Information stored into LTM but cannot be found, unless given a hint, thus it could be well remembered
33
what is one study into context dependant forgetting- recalling words in same/different environment?
Aim: to investigate whether context is important in forgetting Procedure: Divers were divided into two groups and were asked to learn lists of words either under water or on land. They then had to recall the words either in the same environment (also under water or on land) or in the opposite environment i.e half the Ps who learnt the words under water also recalled them under water whilst half the Ps who learnt the words under water recalled them on land. Findings: They found that recall was higher if Ps were tested in the same environment that they had learned the list due to increase in cues. In a different environment words were forgotten due to lack of retrieval cues. Conclusion: An absence of cues in the environment increases forgetting
34
what is one study into state dependant forgetting- learning words when drunk/sober?
Aim: to investigate state dependent forgetting Procedure: male volunteers were asked to learn a list of words when they were either drunk (3x driving limit!) or sober. 24 hours later Ps recalled the words either in the same state as when they learnt them or in the opposite state. Findings: Recall was much higher when the recall state was the same as the learning state. There was more forgetting when in the opposite state on recall. Conclusion: Forgetting is more likely to occur when in a different state to learning
35
describe the weapon focus effect?
Tendency for witness to focus on weapon instead of actual crime, it will also increase anxiety, disrupting recall.
36
decribe post-event discussion?
Memory may be altered through discussing events/ being questioned multiple times
37
describe leading question?
the wording of questions that lead to a desired answer
38
what is a study into misleading info- car accident?
Aim- how the precise wording of question can affect the accuracy of eyewitness Procedure- showed 45 P’s a film of car accident and asked ‘how fast car was going when they hit each other’ All asked same question except word ‘hit’ replaced with ‘smashed’, ‘collided’, ‘bumped’ and ‘contacted’ Findings- ‘contacted’= 32mph, ‘bumped’= 38mph, ‘smashed’=41mph, ‘hit’=34mph, ‘collided’= 39mph Is this due to demand characteristics or genuine memory distortion Part 2: 150 P’s in 3 groups, how fast was car going when they ‘hit’ or ‘smashed’ and a control group, who weren’t asked a question. Week later P’s asked if they saw broken glass, this in ‘smash group were more likely to say yes wrongly. Conclusion- wording of question affected judgements of speed and reduced accuracy of EWT.
39
what is one study into post event discussion- stealing wallet from office draw?

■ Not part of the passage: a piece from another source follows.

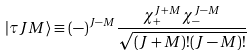Convert formula to latex. <formula><loc_0><loc_0><loc_500><loc_500>| \tau J M \rangle \equiv ( - ) ^ { J - M } \frac { \chi _ { + } ^ { J + M } \chi _ { - } ^ { J - M } } { \sqrt { ( J + M ) ! ( J - M ) ! } }</formula>

Aim- effects of post-event discussion on individuals who witness and discuss a criminal event Procedure- 60 students from uni and 60 older students. Video of girl returning book to office then stealing money from wallet in drawer. Control group watched video where perspective meant theft wasn’t obvious. P’s in co-witness group told they watched same video as their partner. P’s in co-witness group discussed crime. All P’s completed question are on memory of event Findings- 71% of co-witness group recalled info they hadn’t seen. Compared to 0% in control group Conclusion- results highlight post-event discussion and effect this can have on eyewitness testimony
40
what is one study into weapon-focus effect- pen with grease/ paper knife with blood?
Aim: To investigate the effect of anxiety on recall Procedure: Ps were asked to wait in a room before experiment. Condition 1: A low-key discussion in a near-by lab about equipment failure. A person then emerged from the lab holding a pen with grease on his hands and left the room Condition 2: A heated & hostile exchange from the lab. After the sound of breaking glass & crashing chairs, a man emerged from the lab holding a paper knife covered in blood. P’s were then given 50 photos & asked to identify the man. Findings: Participants in the pen group were 49% accurate but the knife group was only 33% accurate in identifying the man. Conclusion: This suggests that Ps were less accurate in the second condition as they were focussing on the weapon (the paper knife) which would also have heightened their anxiety levels.